好奇心は猫をも殺す――そんな海外のことわざがある。猫は九つの命を持つとされているが、そんな猫でさえ死んでしまう。転じて、何事にも興味を持って首を突っ込んでばかりいると、命が幾つあっても足りないことを意味している。
花巻達は正しく猫だった。ありきたりの日常には飽き飽きしていて、常に刺激を求めている。思春期にはありがちなことであるが、しかし花巻達が首を突っ込もうとしているものは、いささか刺激の強いものだったのである。当たり前だが、そんなことは知らずに、小屋の外で動く人影を食い入るように目で追う三人。
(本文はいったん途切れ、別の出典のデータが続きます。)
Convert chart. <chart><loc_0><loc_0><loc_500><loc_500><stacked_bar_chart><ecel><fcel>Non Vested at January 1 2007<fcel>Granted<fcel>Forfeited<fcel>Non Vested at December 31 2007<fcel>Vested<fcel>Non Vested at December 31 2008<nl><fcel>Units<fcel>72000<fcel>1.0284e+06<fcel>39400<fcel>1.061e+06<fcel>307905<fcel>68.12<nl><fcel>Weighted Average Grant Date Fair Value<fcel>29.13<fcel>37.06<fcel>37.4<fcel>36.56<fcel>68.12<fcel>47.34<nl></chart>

後続の車から飛び出してきた影が、先頭の車から飛び出した影に追いついた。先頭の車から飛び出した影は女性のようで、肩を掴まれて押し倒されると奇声を上げた。
「優勝! お前優勝!」
肩を掴んだ影がわけの分からない言葉を叫び、もうひとつの影が何かを振り被る。それが振り下ろされると同時に、鈍い音が周囲に響いた。女性の奇声が悲鳴に変わる。
「おい、これってやばいんじゃないか……」
その光景を見た石野が声を震わせた。三人の中でも特に気の強い彼の、こんな怯えた声を聞いたのは、村で有名なカミナリ親父である山さんの盆栽を割ってしまった時以来だ。あれが小学生の頃だったから、随分と久しいことになる。
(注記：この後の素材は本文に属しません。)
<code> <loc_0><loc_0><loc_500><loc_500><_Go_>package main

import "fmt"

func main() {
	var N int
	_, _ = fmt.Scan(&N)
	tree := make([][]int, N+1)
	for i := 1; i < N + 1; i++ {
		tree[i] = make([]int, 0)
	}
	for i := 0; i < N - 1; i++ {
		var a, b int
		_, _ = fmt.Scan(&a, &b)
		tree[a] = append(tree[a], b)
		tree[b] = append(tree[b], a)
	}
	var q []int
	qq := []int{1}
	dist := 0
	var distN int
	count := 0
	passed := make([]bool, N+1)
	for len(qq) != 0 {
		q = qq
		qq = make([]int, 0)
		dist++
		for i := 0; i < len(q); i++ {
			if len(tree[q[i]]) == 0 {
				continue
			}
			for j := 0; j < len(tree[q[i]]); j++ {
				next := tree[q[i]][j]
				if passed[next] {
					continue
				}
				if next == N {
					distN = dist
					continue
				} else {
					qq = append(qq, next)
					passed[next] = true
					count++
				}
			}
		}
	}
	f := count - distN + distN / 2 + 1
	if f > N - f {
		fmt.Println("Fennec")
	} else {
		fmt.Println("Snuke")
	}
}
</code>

逃げることができないように馬乗りになった影と、それによって動けなくなった女性の頭に、鈍器らしきものを振り下ろす影。血飛沫らしきものが、ヘッドライトの筋の中で弾けたように見えた。
「このままじゃ、あの女の人が死んじゃうよ。助けよう」
気が弱い割に、困っている人は放っておけないタイプの加瀬が呟く。花巻も加瀬の意見には同意したかったが、相手は大人であろう上に凶器を持っているし、しかも一人ではない。下手に飛び出して返り討ちにされたら洒落にならなかった。
「馬鹿、あっちは凶器を持っているんだぞ。下手に助けに行って俺達がやられたらどうするんだよ」
石野が花巻の代弁をしてくれた。結局、高校生である花巻達にできることは、その一部始終を眺めることだけだった。
どれくらい、二人の大人による暴行が続けられたであろうか。女性らしき影は倒れたまま動かなくなり、ふたつの影は肩で息をしながら倒れた女性を見下ろしていた。